Tag: M.W:200-300

Chemistry is the experimental science by definition. We want to make observations to prove hypothesis. For this purpose, we perform experiments in the lab. , Product Details of 388077-74-5, 388077-74-5, Name is 1-Boc-2-piperidinamide, molecular formula is C11H20N2O3, belongs to piperidines compound. In a document, author is Kaygusuz, Ozge, introduce the new discover.

The reactions of hexachlorocyclotriphosphazene with piperidine, N-(1-naphthyl)ethylenediamine and 2-(2-hydroxyethylamino)ethanol. Antimicrobial activities of iminodiethoxy-substituted cyclotriphosphazene derivatives

A series of cyclotriphosphazene derivatives (5-16) were synthesized from the reactions of hexachlorocyclotriphosphazene (1, N3P3Cl6) with piperidine (2),N-(1-naphthyl)ethylenediamine (3) and 2-(2-hydroxyethylamino)ethanol (4). Of the synthesized compounds, 2-piperidino-2,4,4,6,6-pentachlorocyclotri phosphazatriene, N3P3Cl5[N-(C5H10)] (5); 2,4-piperidino-2,4,6,6-tetrachlorocyclo triphosphazatriene, N3P3Cl4[N-(C5H10)](2)(6); 2,4,6-piperidino-2,4,6-trichlorocyclo triphosphazatriene, N3P3Cl3[N-(C5H10)](3)(7); 2,2,4,6-piperidino-4,6-dichlorocyclotri phosphazatriene, N3P3Cl2[N-(C5H10)](4)(8); the 2,4,6,6-tetrachloro-2,4-non-gem-N-(1-naphthyl)ethylendiamino)-cyclotri phosphazatriene, N3P3Cl4[NH-(CH2)(2)-NH-(C10H7)](2)(9); and the 2,2,4,4,6,6-trispiro-2,2 ‘-iminodiethoxy-cyclotriphosphazatriene, N3P3[O-(CH2)(2)-NH-(CH2)(2)O](3)(14) derivatives are reported for the first time, others (10-13,15and16) were previously reported. The derived compounds (5-16) were structurally elucidated by elemental analysis and spectral data of(1)H and(31)P NMR and TLC-MS. Water-soluble hexachlorocyclotriphosphazene derivatives (10-16) were screened for their antimicrobial activities against three human pathogens;Escherichia coliW3110,Staphylococcus aureusATCC 25923, andCandida albicansATCC 10231 and compounds10,12, and16found to exhibit significant antimicrobial activities against the indicated microorganism.
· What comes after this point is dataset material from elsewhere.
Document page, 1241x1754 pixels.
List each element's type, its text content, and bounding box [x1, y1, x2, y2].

A reaction mechanism is the microscopic path by which reactants are transformed into products. Each step is an elementary reaction. In my other articles, you can also check out more blogs about 388077-74-5. Product Details of 388077-74-5.

Reference:
Piperidine – Wikipedia,
,Piperidine | C5H11N – PubChem

 

In an article, author is Canfield, Jeremy R., once mentioned the application of 34737-89-8, Recommanded Product: 34737-89-8, Name is 1-Benzyl-3-methylpiperidin-4-one, molecular formula is C13H17NO, molecular weight is 203.28, MDL number is MFCD00044806, category is piperidines. Now introduce a scientific discovery about this category.
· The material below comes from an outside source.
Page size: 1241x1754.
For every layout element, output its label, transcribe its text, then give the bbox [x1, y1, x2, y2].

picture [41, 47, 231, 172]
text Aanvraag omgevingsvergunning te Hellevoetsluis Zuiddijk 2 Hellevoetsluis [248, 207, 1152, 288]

Fentanyl Detection Using Eosin Y Paper Assays(,)

Eosin Y is a potential new color test for use in detecting illicit drugs that has not been extensively studied. In the present study, a variety of drugs of abuse and fentanyl analogues were tested to determine which drugs will bind to eosin Y, which functional groups are capable of binding and eliciting a color change, and a mechanism for eosin Y binding to fentanyl. Further, these agents were combined with common cutting agents and other drugs of abuse in order to determine the fentanyl detection limit in a drug mixture using an eosin Y test strip. Additionally, cobalt thiocyanate was used to determine whether the combination of cobalt thiocyanate and eosin Y has the potential to identify fentanyl. Through the testing performed, we concluded that (i) Eosin Y is capable of detecting low amounts of fentanyl down to 1%, (ii) Eosin Y binds to select tertiary amines to produce an orange to pink color change, and (iii) Eosin Y binds to the nonpiperidine ring nitrogen of fentanyl as a primary binding site and the piperidine ring nitrogen as a secondary binding site. While the cobalt thiocyanate assay detected 1% fentanyl in some of the mixtures, eosin Y detected 1% fentanyl in all mixtures. Finally, eosin Y was able to detect fentanyl in forensic case samples containing heroin and various cutting agents. Based on our results, eosin Y has the potential to screen for fentanyl and fentanyl analogues and can detect fentanyl in low amounts when mixed with common cutting agents.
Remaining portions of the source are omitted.